[DATA — start]
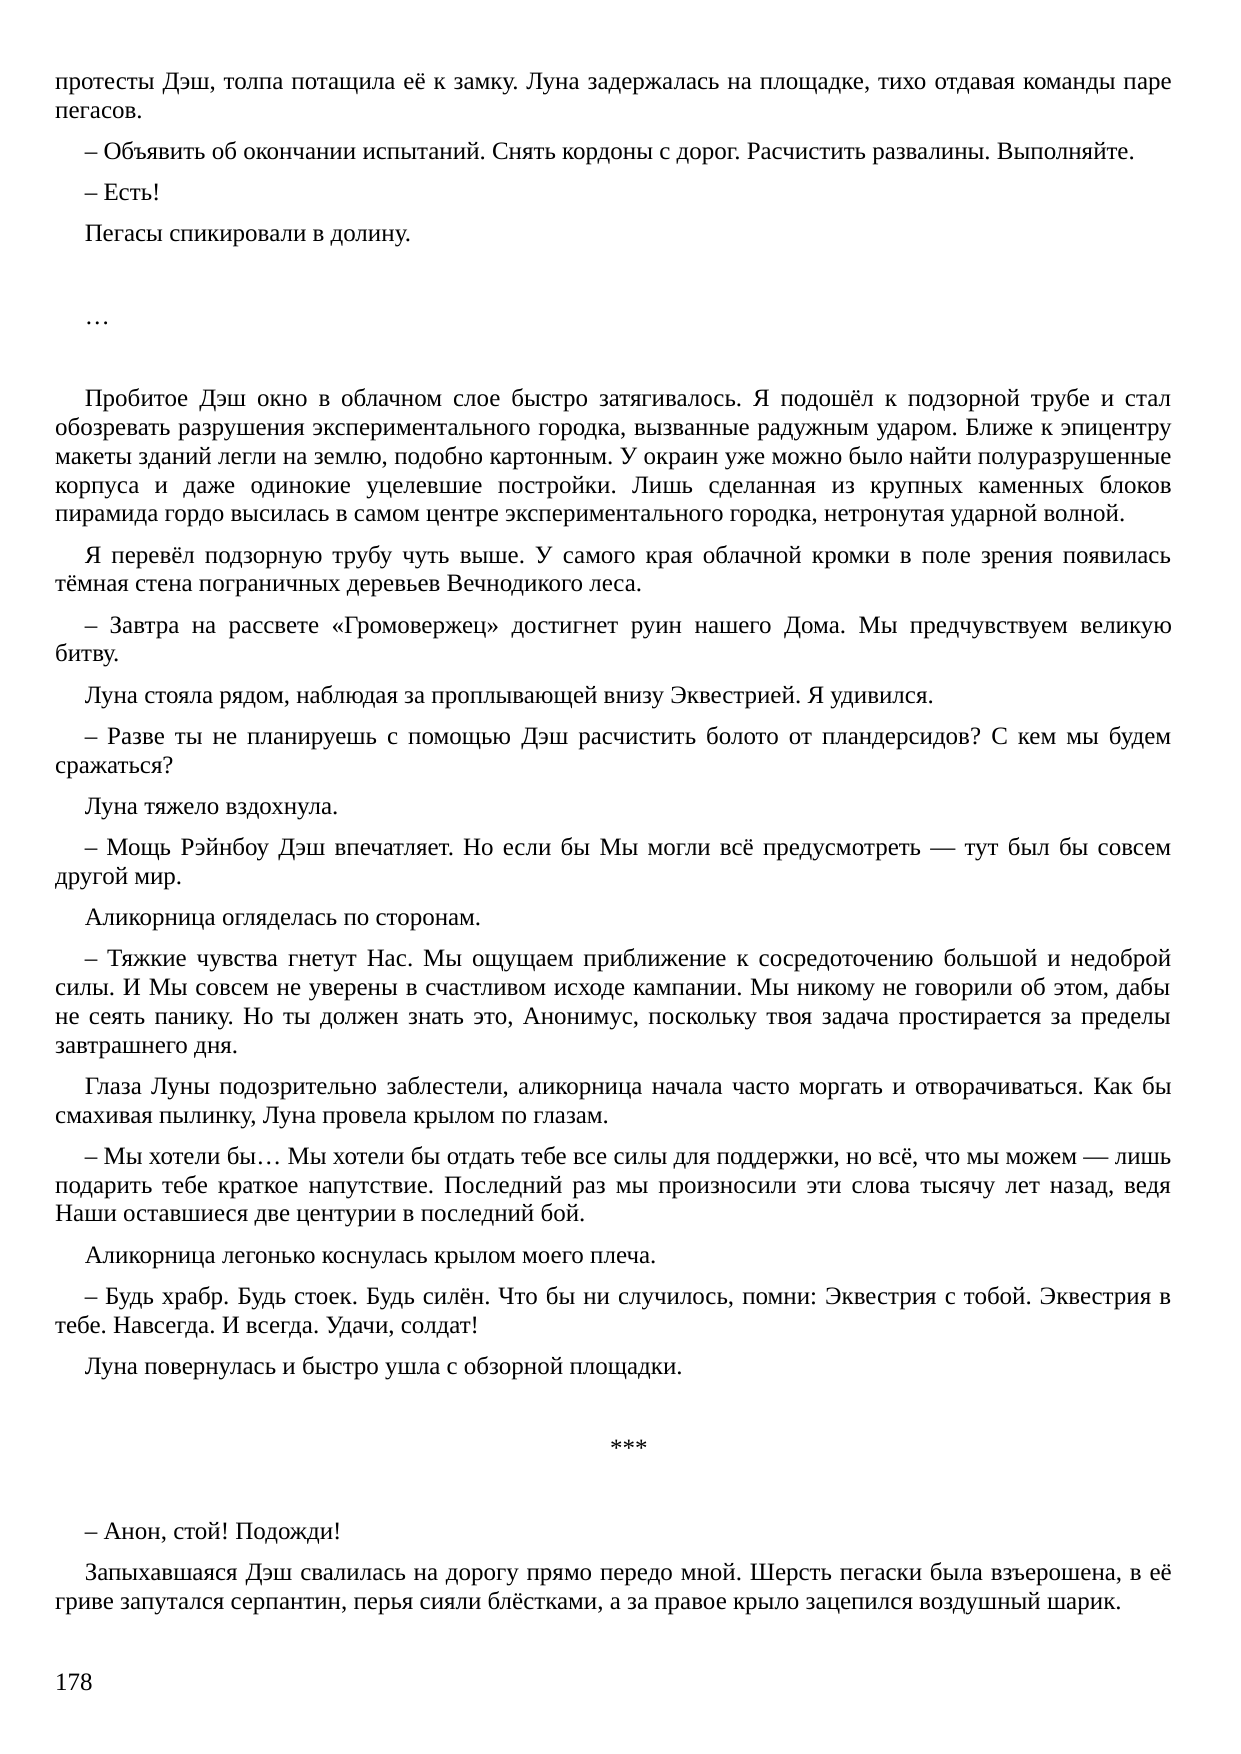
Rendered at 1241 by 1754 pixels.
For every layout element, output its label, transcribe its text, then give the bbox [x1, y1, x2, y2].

text – Анон, стой! Подожди! [55, 1516, 1173, 1545]
text Запыхавшаяся Дэш свалилась на дорогу прямо передо мной. Шерсть пегаски была взъерошена, в её гриве запутался серпантин, перья сияли блёстками, а за правое крыло зацепился воздушный шарик. [55, 1557, 1173, 1615]
text – Мы хотели бы… Мы хотели бы отдать тебе все силы для поддержки, но всё, что мы можем — лишь подарить тебе краткое напутствие. Последний раз мы произносили эти слова тысячу лет назад, ведя Наши оставшиеся две центурии в последний бой. [55, 1141, 1173, 1227]
text Аликорница огляделась по сторонам. [55, 902, 1173, 931]
text – Объявить об окончании испытаний. Снять кордоны с дорог. Расчистить развалины. Выполняйте. [55, 136, 1173, 165]
text – Мощь Рэйнбоу Дэш впечатляет. Но если бы Мы могли всё предусмотреть — тут был бы совсем другой мир. [55, 832, 1173, 890]
text Я перевёл подзорную трубу чуть выше. У самого края облачной кромки в поле зрения появилась тёмная стена пограничных деревьев Вечнодикого леса. [55, 540, 1173, 597]
text – Будь храбр. Будь стоек. Будь силён. Что бы ни случилось, помни: Эквестрия с тобой. Эквестрия в тебе. Навсегда. И всегда. Удачи, солдат! [55, 1281, 1173, 1338]
text – Завтра на рассвете «Громовержец» достигнет руин нашего Дома. Мы предчувствуем великую битву. [55, 610, 1173, 667]
text Луна повернулась и быстро ушла с обзорной площадки. [55, 1351, 1173, 1380]
text Пегасы спикировали в долину. [55, 218, 1173, 247]
text … [55, 301, 1173, 330]
text *** [55, 1433, 1173, 1462]
text – Есть! [55, 177, 1173, 206]
text Луна стояла рядом, наблюдая за проплывающей внизу Эквестрией. Я удивился. [55, 680, 1173, 708]
text – Тяжкие чувства гнетут Нас. Мы ощущаем приближение к сосредоточению большой и недоброй силы. И Мы совсем не уверены в счастливом исходе кампании. Мы никому не говорили об этом, дабы не сеять панику. Но ты должен знать это, Анонимус, поскольку твоя задача простирается за пределы завтрашнего дня. [55, 943, 1173, 1058]
text Глаза Луны подозрительно заблестели, аликорница начала часто моргать и отворачиваться. Как бы смахивая пылинку, Луна провела крылом по глазам. [55, 1071, 1173, 1128]
text протесты Дэш, толпа потащила её к замку. Луна задержалась на площадке, тихо отдавая команды паре пегасов. [55, 66, 1173, 123]
text Пробитое Дэш окно в облачном слое быстро затягивалось. Я подошёл к подзорной трубе и стал обозревать разрушения экспериментального городка, вызванные радужным ударом. Ближе к эпицентру макеты зданий легли на землю, подобно картонным. У окраин уже можно было найти полуразрушенные корпуса и даже одинокие уцелевшие постройки. Лишь сделанная из крупных каменных блоков пирамида гордо высилась в самом центре экспериментального городка, нетронутая ударной волной. [55, 383, 1173, 527]
text Луна тяжело вздохнула. [55, 791, 1173, 820]
text Аликорница легонько коснулась крылом моего плеча. [55, 1240, 1173, 1268]
text – Разве ты не планируешь с помощью Дэш расчистить болото от пландерсидов? С кем мы будем сражаться? [55, 721, 1173, 778]
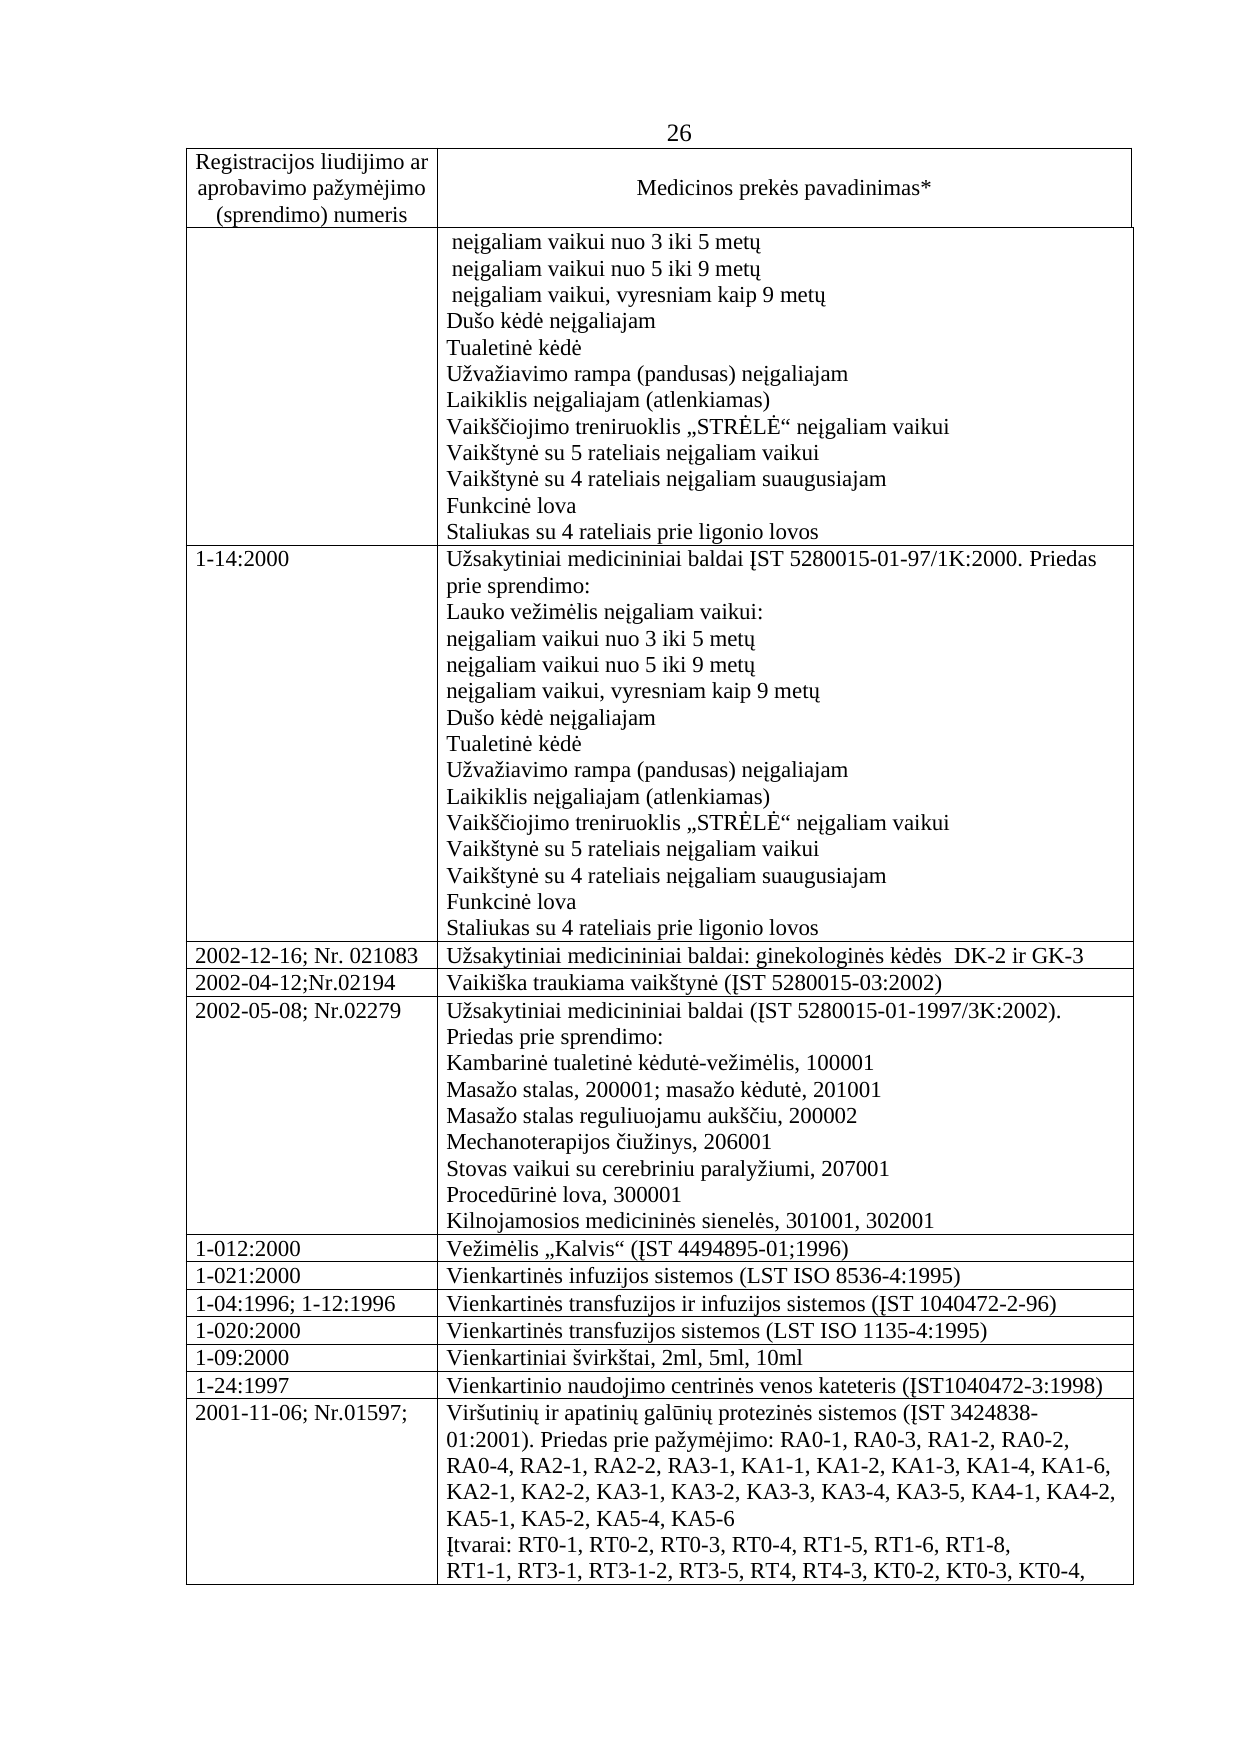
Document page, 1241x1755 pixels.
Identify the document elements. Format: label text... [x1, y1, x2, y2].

table_cell Vienkartinės transfuzijos ir infuzijos sistemos (ĮST 1040472-2-96) [438, 1290, 1133, 1316]
table_cell Vienkartiniai švirkštai, 2ml, 5ml, 10ml [438, 1345, 1133, 1371]
table_cell Užsakytiniai medicininiai baldai (ĮST 5280015-01-1997/3K:2002). Priedas prie sprendimo: Kambarinė tualetinė kėdutė-vežimėlis, 100001 Masažo stalas, 200001; masažo kėdutė, 201001 Masažo stalas reguliuojamu aukščiu, 200002 Mechanoterapijos čiužinys, 206001 Stovas vaikui su cerebriniu paralyžiumi, 207001 Procedūrinė lova, 300001 Kilnojamosios medicininės sienelės, 301001, 302001 [438, 997, 1133, 1234]
table_cell 2002-12-16; Nr. 021083 [187, 942, 437, 968]
table_cell 1-020:2000 [187, 1317, 437, 1343]
table_header Medicinos prekės pavadinimas* [438, 149, 1131, 227]
table_cell 1-14:2000 [187, 546, 437, 941]
table_header Registracijos liudijimo ar aprobavimo pažymėjimo (sprendimo) numeris [187, 149, 437, 227]
table_cell Vienkartinio naudojimo centrinės venos kateteris (ĮST1040472-3:1998) [438, 1372, 1133, 1398]
table_cell Užsakytiniai medicininiai baldai ĮST 5280015-01-97/1K:2000. Priedas prie sprendimo: Lauko vežimėlis neįgaliam vaikui: neįgaliam vaikui nuo 3 iki 5 metų neįgaliam vaikui nuo 5 iki 9 metų neįgaliam vaikui, vyresniam kaip 9 metų Dušo kėdė neįgaliajam Tualetinė kėdė Užvažiavimo rampa (pandusas) neįgaliajam Laikiklis neįgaliajam (atlenkiamas) Vaikščiojimo treniruoklis „STRĖLĖ“ neįgaliam vaikui Vaikštynė su 5 rateliais neįgaliam vaikui Vaikštynė su 4 rateliais neįgaliam suaugusiajam Funkcinė lova Staliukas su 4 rateliais prie ligonio lovos [438, 546, 1133, 941]
table_cell Užsakytiniai medicininiai baldai: ginekologinės kėdės DK-2 ir GK-3 [438, 942, 1133, 968]
table_cell 2002-05-08; Nr.02279 [187, 997, 437, 1234]
table_cell Vienkartinės infuzijos sistemos (LST ISO 8536-4:1995) [438, 1262, 1133, 1289]
table_cell 1-021:2000 [187, 1262, 437, 1289]
table_cell Vienkartinės transfuzijos sistemos (LST ISO 1135-4:1995) [438, 1317, 1133, 1343]
table_cell Vaikiška traukiama vaikštynė (ĮST 5280015-03:2002) [438, 969, 1133, 996]
table_cell [187, 228, 437, 544]
table_cell Vežimėlis „Kalvis“ (ĮST 4494895-01;1996) [438, 1235, 1133, 1261]
table_cell 1-09:2000 [187, 1345, 437, 1371]
table_cell 1-012:2000 [187, 1235, 437, 1261]
table_cell 2002-04-12;Nr.02194 [187, 969, 437, 996]
table_cell 2001-11-06; Nr.01597; [187, 1399, 437, 1584]
table_cell neįgaliam vaikui nuo 3 iki 5 metų neįgaliam vaikui nuo 5 iki 9 metų neįgaliam vaikui, vyresniam kaip 9 metų Dušo kėdė neįgaliajam Tualetinė kėdė Užvažiavimo rampa (pandusas) neįgaliajam Laikiklis neįgaliajam (atlenkiamas) Vaikščiojimo treniruoklis „STRĖLĖ“ neįgaliam vaikui Vaikštynė su 5 rateliais neįgaliam vaikui Vaikštynė su 4 rateliais neįgaliam suaugusiajam Funkcinė lova Staliukas su 4 rateliais prie ligonio lovos [438, 228, 1133, 544]
table_cell 1-24:1997 [187, 1372, 437, 1398]
table_cell 1-04:1996; 1-12:1996 [187, 1290, 437, 1316]
table_cell Viršutinių ir apatinių galūnių protezinės sistemos (ĮST 3424838-01:2001). Priedas prie pažymėjimo: RA0-1, RA0-3, RA1-2, RA0-2, RA0-4, RA2-1, RA2-2, RA3-1, KA1-1, KA1-2, KA1-3, KA1-4, KA1-6, KA2-1, KA2-2, KA3-1, KA3-2, KA3-3, KA3-4, KA3-5, KA4-1, KA4-2, KA5-1, KA5-2, KA5-4, KA5-6 Įtvarai: RT0-1, RT0-2, RT0-3, RT0-4, RT1-5, RT1-6, RT1-8, RT1-1, RT3-1, RT3-1-2, RT3-5, RT4, RT4-3, KT0-2, KT0-3, KT0-4, [438, 1399, 1133, 1584]
[DATA — finish]
__ACTIVITY__.
Omit the pictures. Print, word for word, the lines from the beginning of the entries above through the line that holds "text – Анон, стой!".

__EXERCISE RESPONSE__.
Rendered at 1241 by 1754 pixels.
For every layout element, output its label, transcribe its text, then give the bbox [x1, y1, x2, y2].

text – Анон, стой! Подожди! [55, 1516, 1173, 1545]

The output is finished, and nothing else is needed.